Unidentified attackers have set fire to a children's nursery school in the Mexican city of Ciudad Juarez apparently after its owners refused to pay extortion money. A message was sprayed on the walls of the kindergarten, urging the owners to pay up. Some teachers in the city have been threatened with attacks unless they hand over half their Christmas bonuses.
A high society family feud that's captivated France is apparently over. The row involving France's richest woman, the L'Oreal billionaire Liliane Bettencourt, grew into a political scandal when secret tapes led to allegations that she had made illegal donations to Nicolas Sarkozy's presidential campaign. Sam Wilson reports.

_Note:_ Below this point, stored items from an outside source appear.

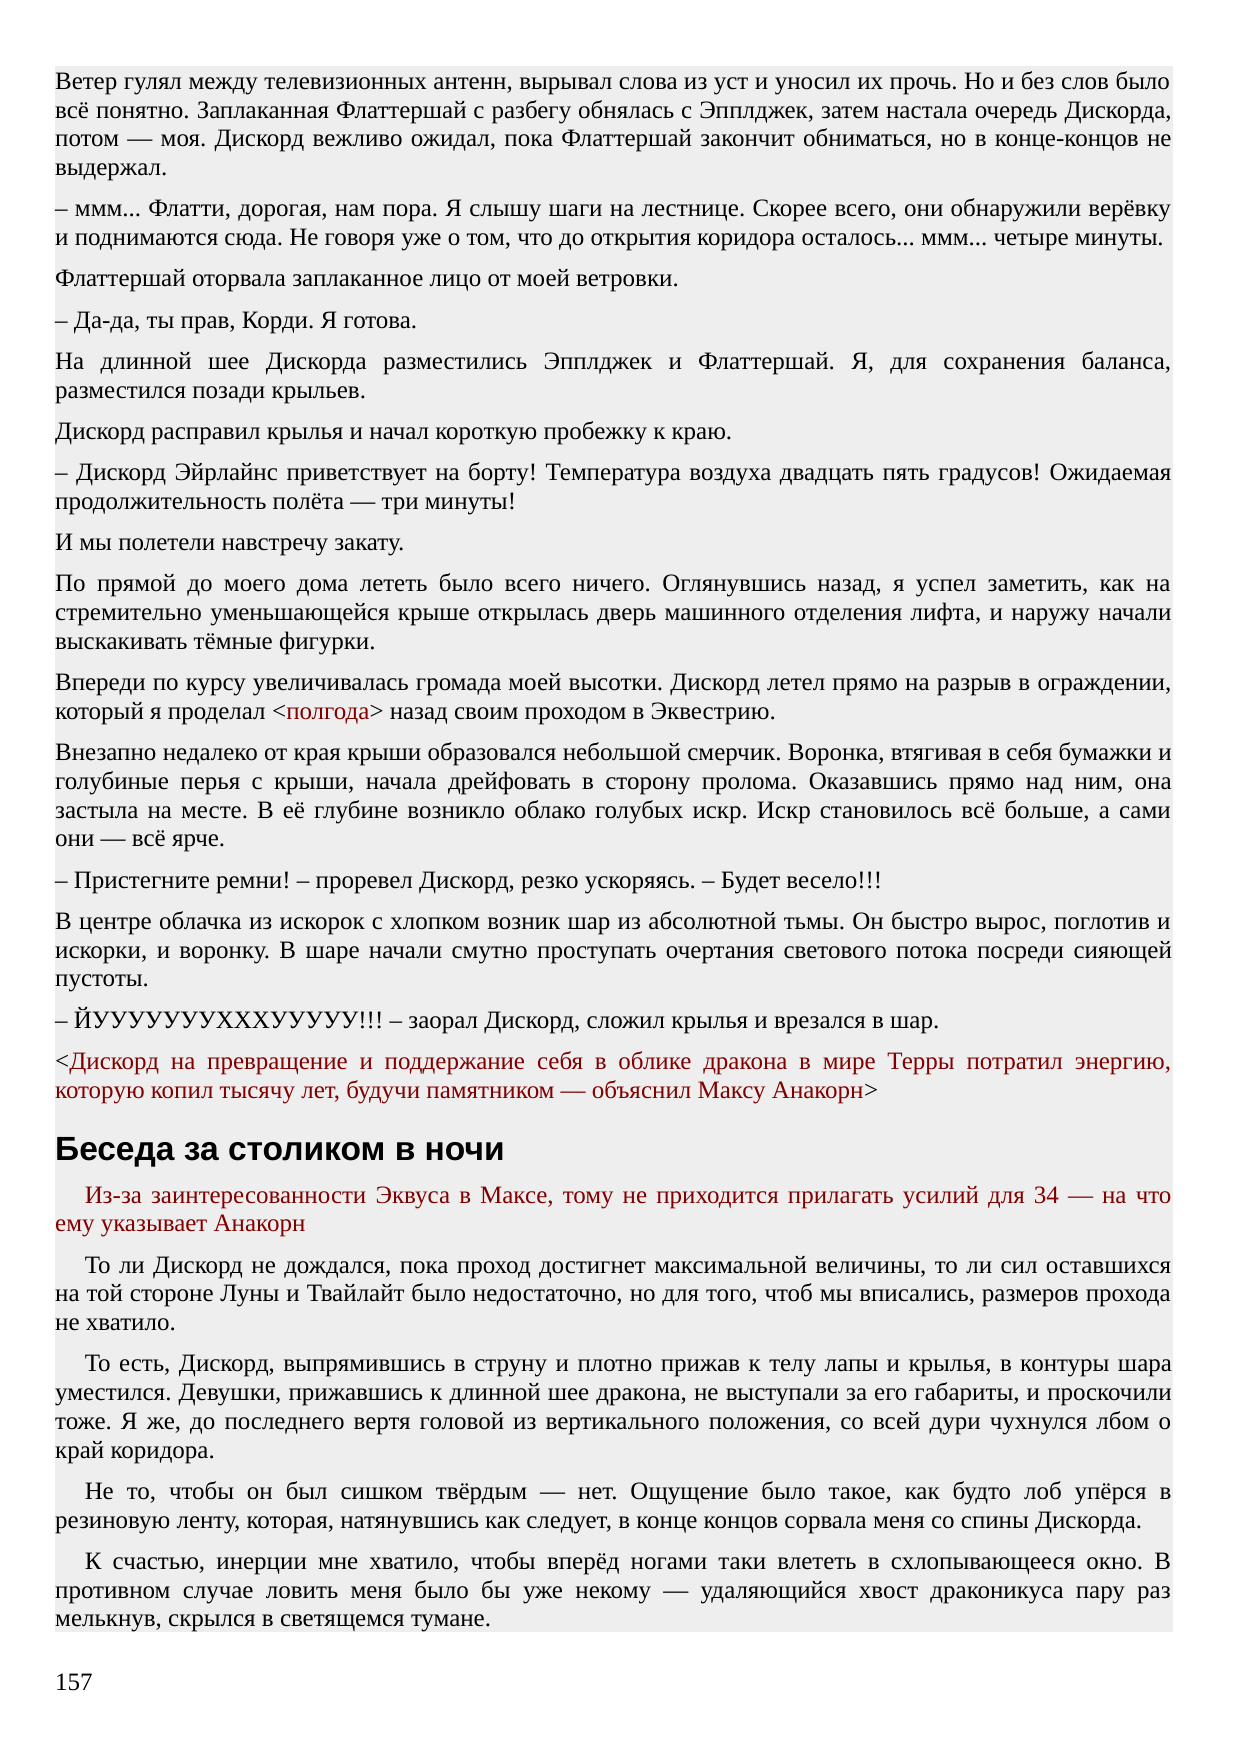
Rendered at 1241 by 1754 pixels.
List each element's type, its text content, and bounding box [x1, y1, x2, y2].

text Флаттершай оторвала заплаканное лицо от моей ветровки. [55, 263, 1173, 292]
text – Да-да, ты прав, Корди. Я готова. [55, 305, 1173, 333]
text – ммм... Флатти, дорогая, нам пора. Я слышу шаги на лестнице. Скорее всего, они обнаружили верёвку и поднимаются сюда. Не говоря уже о том, что до открытия коридора осталось... ммм... четыре минуты. [55, 193, 1173, 251]
text <Дискорд на превращение и поддержание себя в облике дракона в мире Терры потратил энергию, которую копил тысячу лет, будучи памятником — объяснил Максу Анакорн> [55, 1046, 1173, 1103]
text Внезапно недалеко от края крыши образовался небольшой смерчик. Воронка, втягивая в себя бумажки и голубиные перья с крыши, начала дрейфовать в сторону пролома. Оказавшись прямо над ним, она застыла на месте. В её глубине возникло облако голубых искр. Искр становилось всё больше, а сами они — всё ярче. [55, 737, 1173, 852]
text К счастью, инерции мне хватило, чтобы вперёд ногами таки влететь в схлопывающееся окно. В противном случае ловить меня было бы уже некому — удаляющийся хвост драконикуса пару раз мелькнув, скрылся в светящемся тумане. [55, 1546, 1173, 1632]
text И мы полетели навстречу закату. [55, 527, 1173, 556]
text В центре облачка из искорок с хлопком возник шар из абсолютной тьмы. Он быстро вырос, поглотив и искорки, и воронку. В шаре начали смутно проступать очертания светового потока посреди сияющей пустоты. [55, 906, 1173, 992]
text По прямой до моего дома лететь было всего ничего. Оглянувшись назад, я успел заметить, как на стремительно уменьшающейся крыше открылась дверь машинного отделения лифта, и наружу начали выскакивать тёмные фигурки. [55, 568, 1173, 655]
text То ли Дискорд не дождался, пока проход достигнет максимальной величины, то ли сил оставшихся на той стороне Луны и Твайлайт было недостаточно, но для того, чтоб мы вписались, размеров прохода не хватило. [55, 1250, 1173, 1336]
text Из-за заинтересованности Эквуса в Максе, тому не приходится прилагать усилий для 34 — на что ему указывает Анакорн [55, 1180, 1173, 1237]
subtitle Беседа за столиком в ночи [55, 1128, 1173, 1167]
text На длинной шее Дискорда разместились Эпплджек и Флаттершай. Я, для сохранения баланса, разместился позади крыльев. [55, 346, 1173, 403]
text – Дискорд Эйрлайнс приветствует на борту! Температура воздуха двадцать пять градусов! Ожидаемая продолжительность полёта — три минуты! [55, 457, 1173, 515]
text Впереди по курсу увеличивалась громада моей высотки. Дискорд летел прямо на разрыв в ограждении, который я проделал <полгода> назад своим проходом в Эквестрию. [55, 667, 1173, 725]
text Ветер гулял между телевизионных антенн, вырывал слова из уст и уносил их прочь. Но и без слов было всё понятно. Заплаканная Флаттершай с разбегу обнялась с Эпплджек, затем настала очередь Дискорда, потом — моя. Дискорд вежливо ожидал, пока Флаттершай закончит обниматься, но в конце-концов не выдержал. [55, 66, 1173, 181]
text – ЙУУУУУУУХХХУУУУУ!!! – заорал Дискорд, сложил крылья и врезался в шар. [55, 1005, 1173, 1033]
text Не то, чтобы он был сишком твёрдым — нет. Ощущение было такое, как будто лоб упёрся в резиновую ленту, которая, натянувшись как следует, в конце концов сорвала меня со спины Дискорда. [55, 1476, 1173, 1533]
text Дискорд расправил крылья и начал короткую пробежку к краю. [55, 416, 1173, 445]
text То есть, Дискорд, выпрямившись в струну и плотно прижав к телу лапы и крылья, в контуры шара уместился. Девушки, прижавшись к длинной шее дракона, не выступали за его габариты, и проскочили тоже. Я же, до последнего вертя головой из вертикального положения, со всей дури чухнулся лбом о край коридора. [55, 1348, 1173, 1463]
text – Пристегните ремни! – проревел Дискорд, резко ускоряясь. – Будет весело!!! [55, 865, 1173, 893]

Liliane Bettencourt's daughter feared her mother was gradually handing control of the $20bn family estate to the society photographer Francois-Marie Banier. Among her extravagant gifts to him was an island in the Seychelles. The daughter Francoise took him to court, accusing him of exploiting her elderly mother's mental fragility. Secret tape recordings appeared to reveal tax evasion, political influence and illegal donations to the party of French President Nicolas Sarkozy. The scandal dominated the front pages in France for weeks. But now they say it's over - the photographer has been written out of the will; the court case has been dropped; and mother and daughter say they are united again.
The South African tourism ministry has said people who visited the country for the football World Cup this year spent more than $500m on hotels, food and clothing. The figure is a fraction of the cost of staging the games. South Africa spent at least $4.5bn preparing for the tournament.